(Beginning of RECORDS FOR THIS EXERCISE)

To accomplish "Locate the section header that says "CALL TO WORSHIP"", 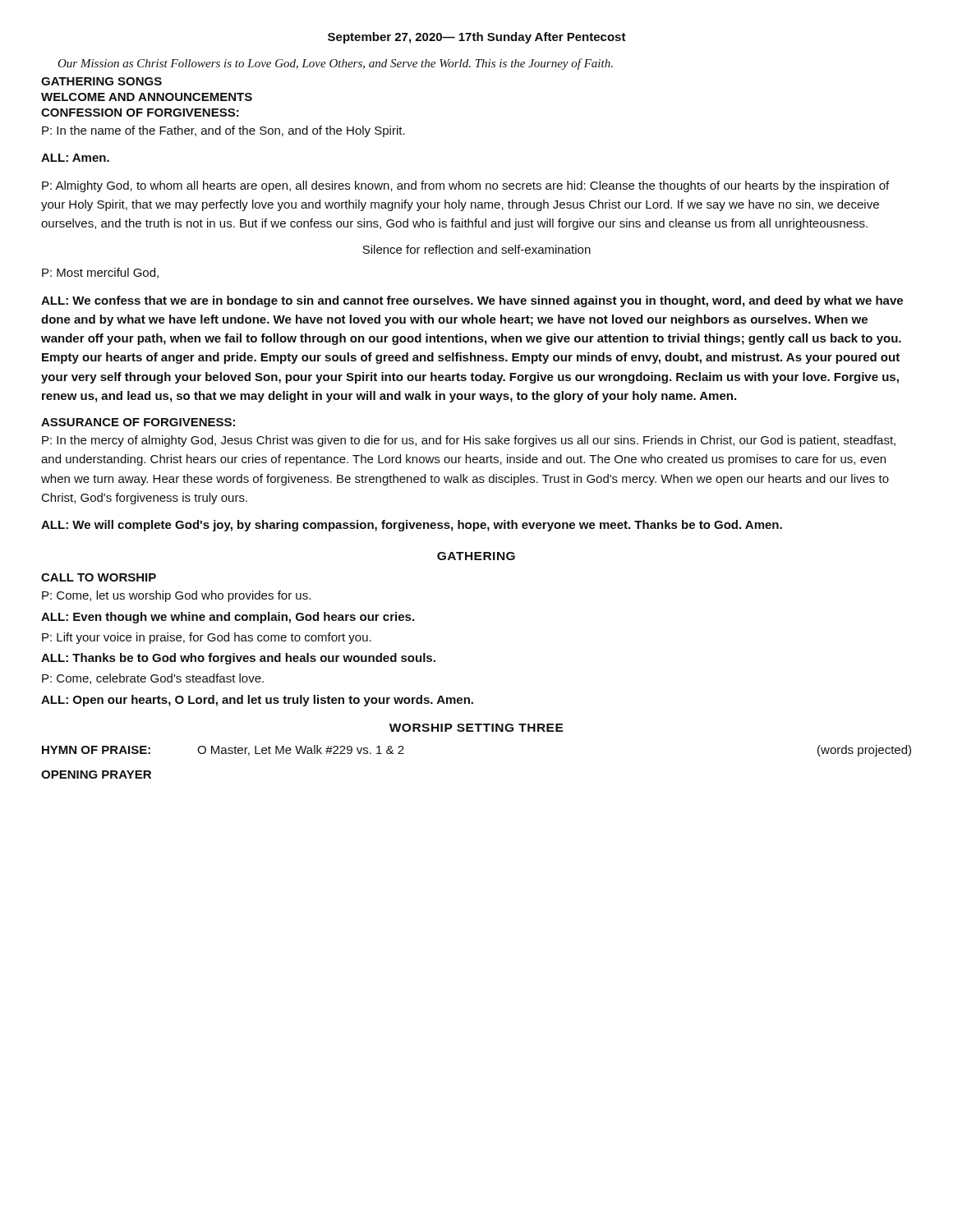I will coord(99,577).
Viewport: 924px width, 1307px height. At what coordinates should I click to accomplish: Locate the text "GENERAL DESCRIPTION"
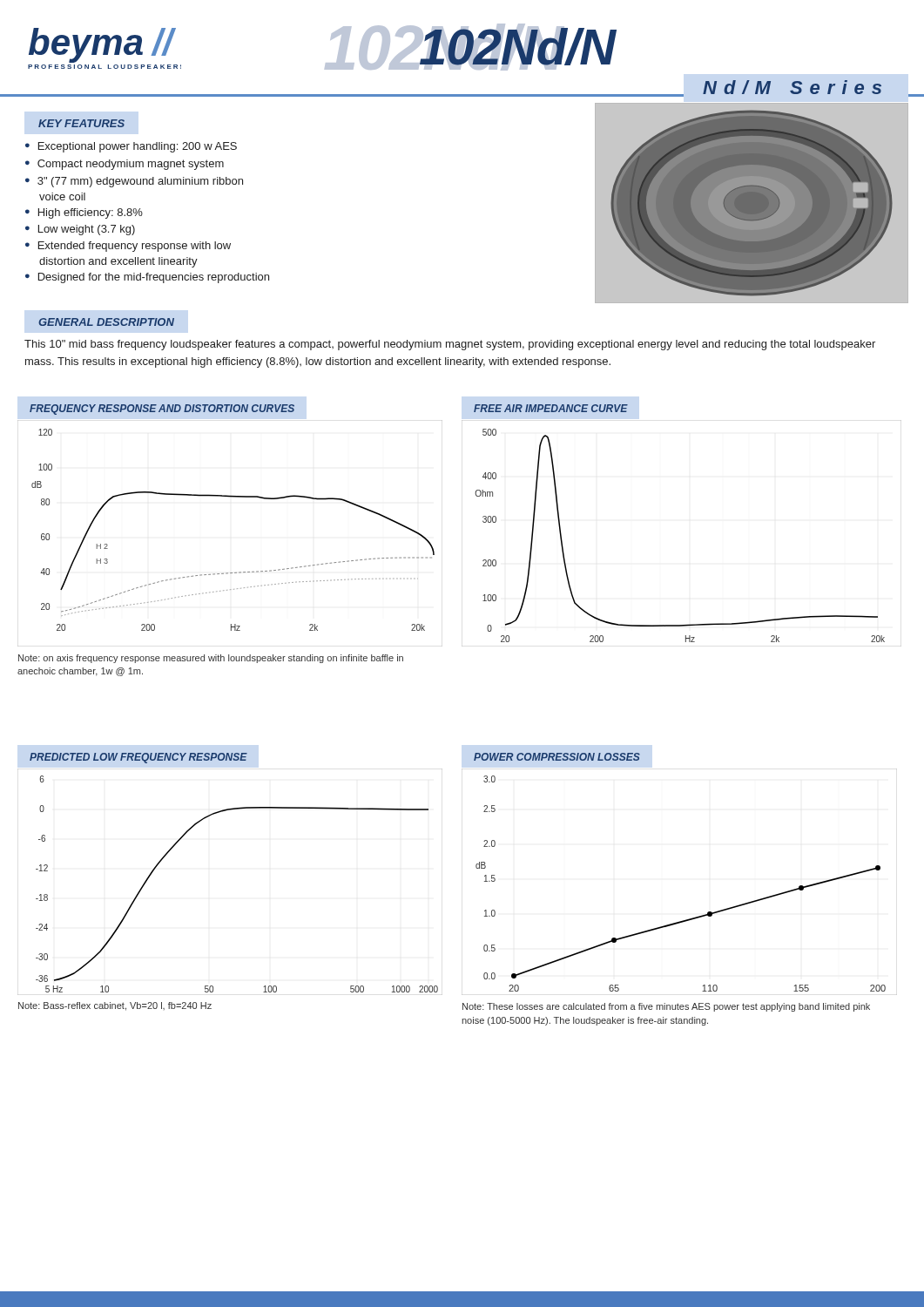(x=106, y=322)
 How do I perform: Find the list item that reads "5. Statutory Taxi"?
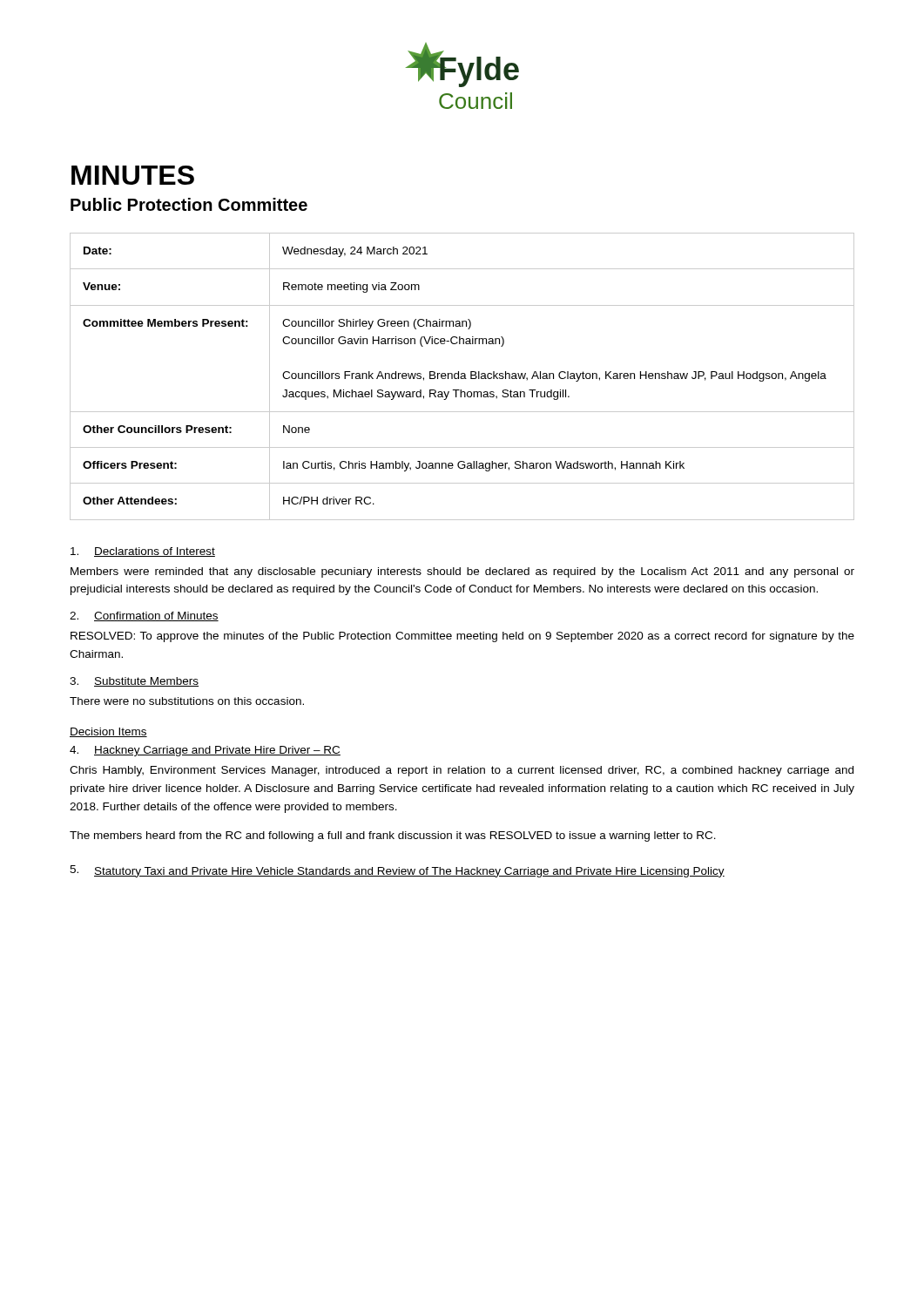(x=397, y=871)

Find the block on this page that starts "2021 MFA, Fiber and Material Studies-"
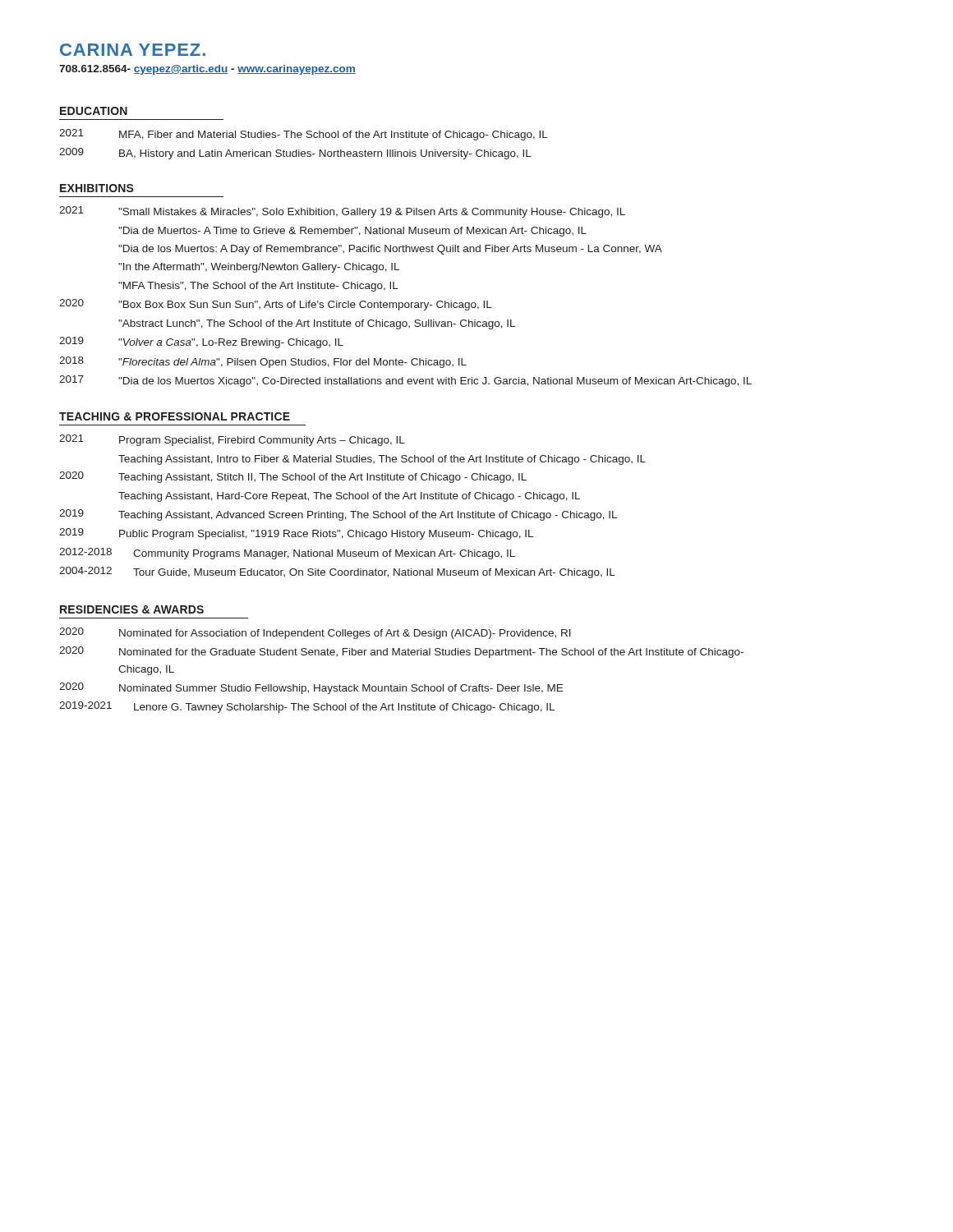pos(417,135)
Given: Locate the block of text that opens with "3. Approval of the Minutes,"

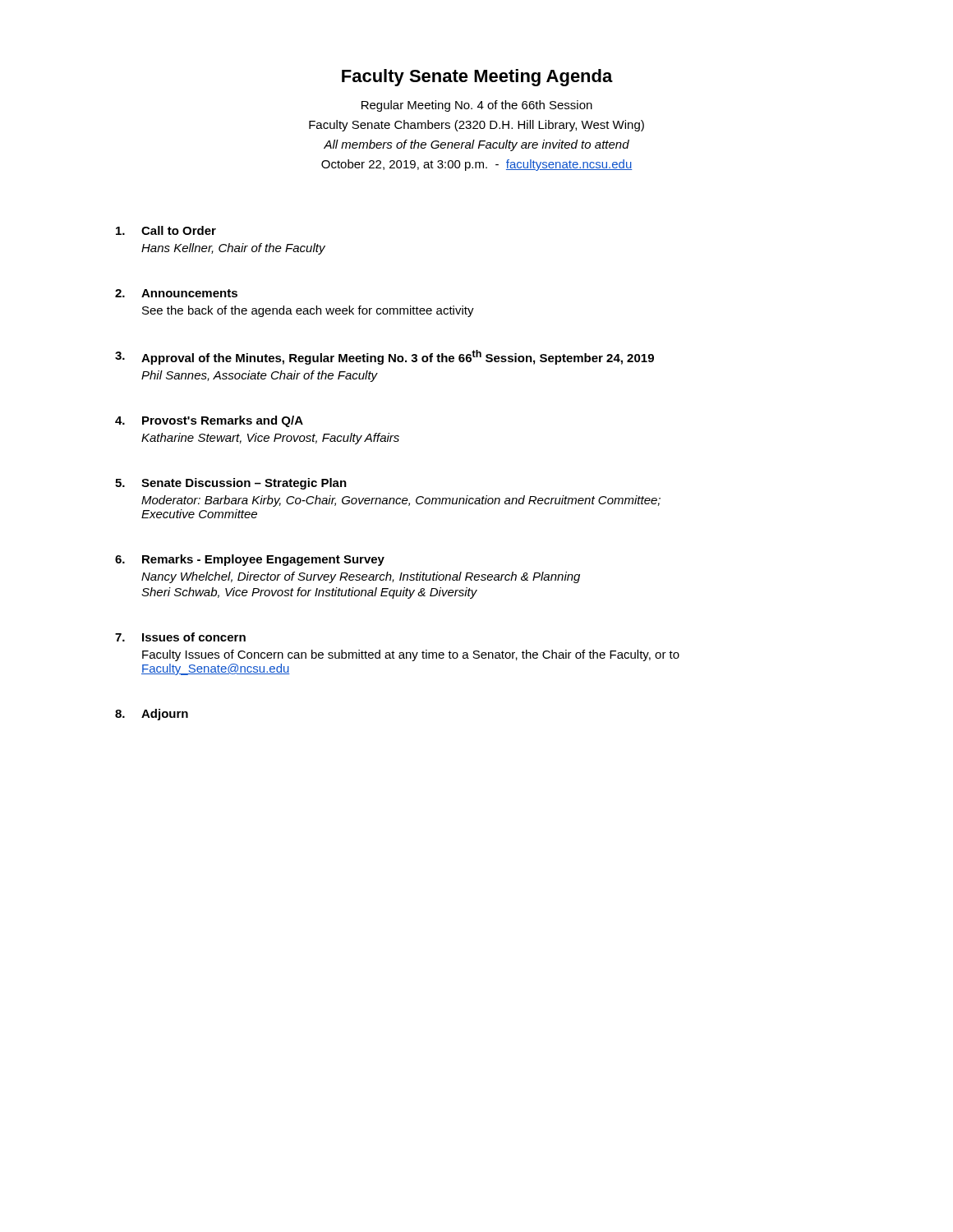Looking at the screenshot, I should coord(476,365).
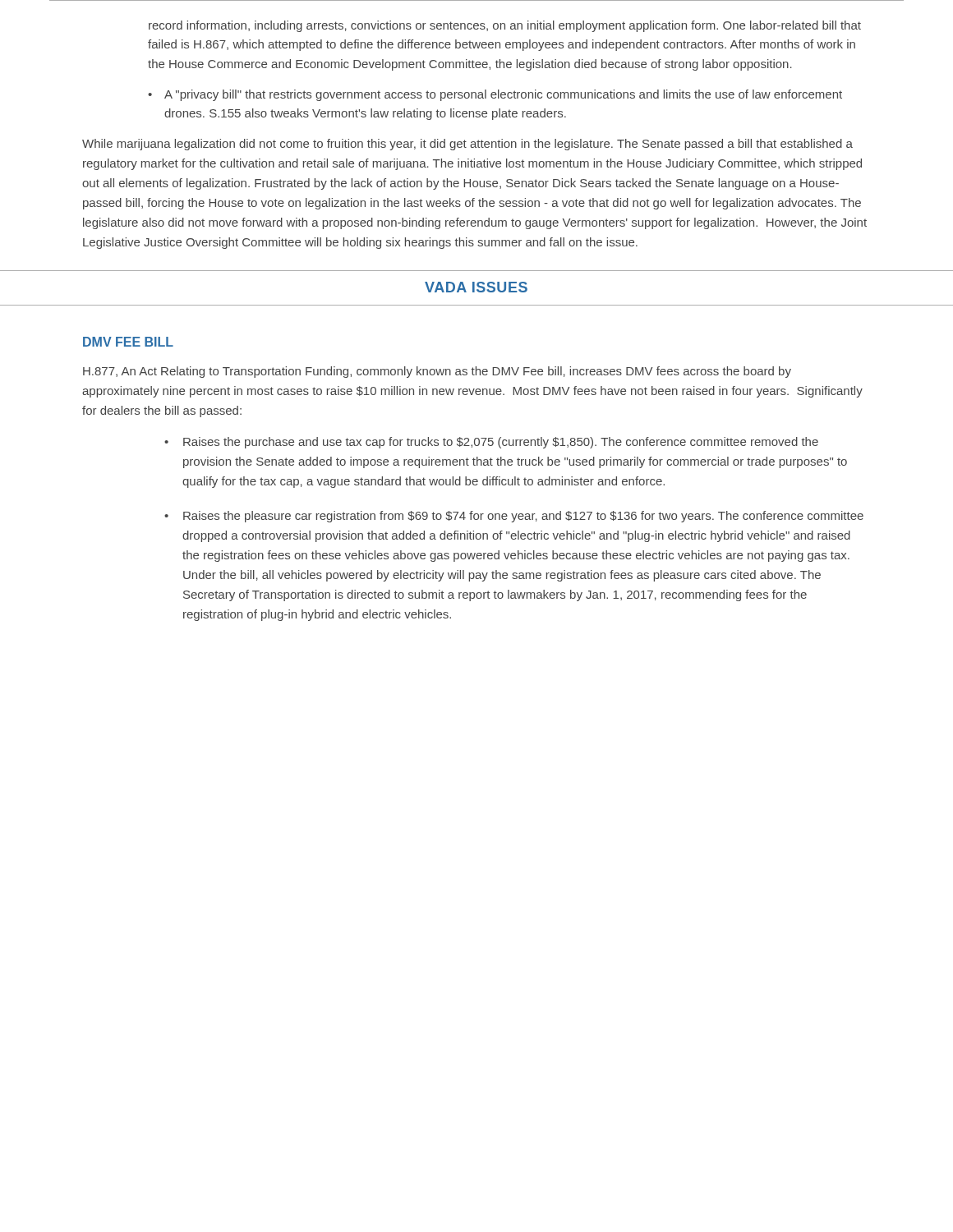This screenshot has width=953, height=1232.
Task: Navigate to the passage starting "record information, including"
Action: 504,44

(End of RECORDS FOR THIS EXERCISE)

In the records above, find the line with "Find the block" and copy from it through the last line exactly, without the pictures.

Find the block on this page that starts "2021 MFA, Fiber and Material Studies-"
pos(417,135)
Given: Locate the block of text that opens with "3. Approval of the Minutes,"

Looking at the screenshot, I should coord(476,365).
This screenshot has width=953, height=1232.
Task: Navigate to the passage starting "record information, including"
Action: 504,44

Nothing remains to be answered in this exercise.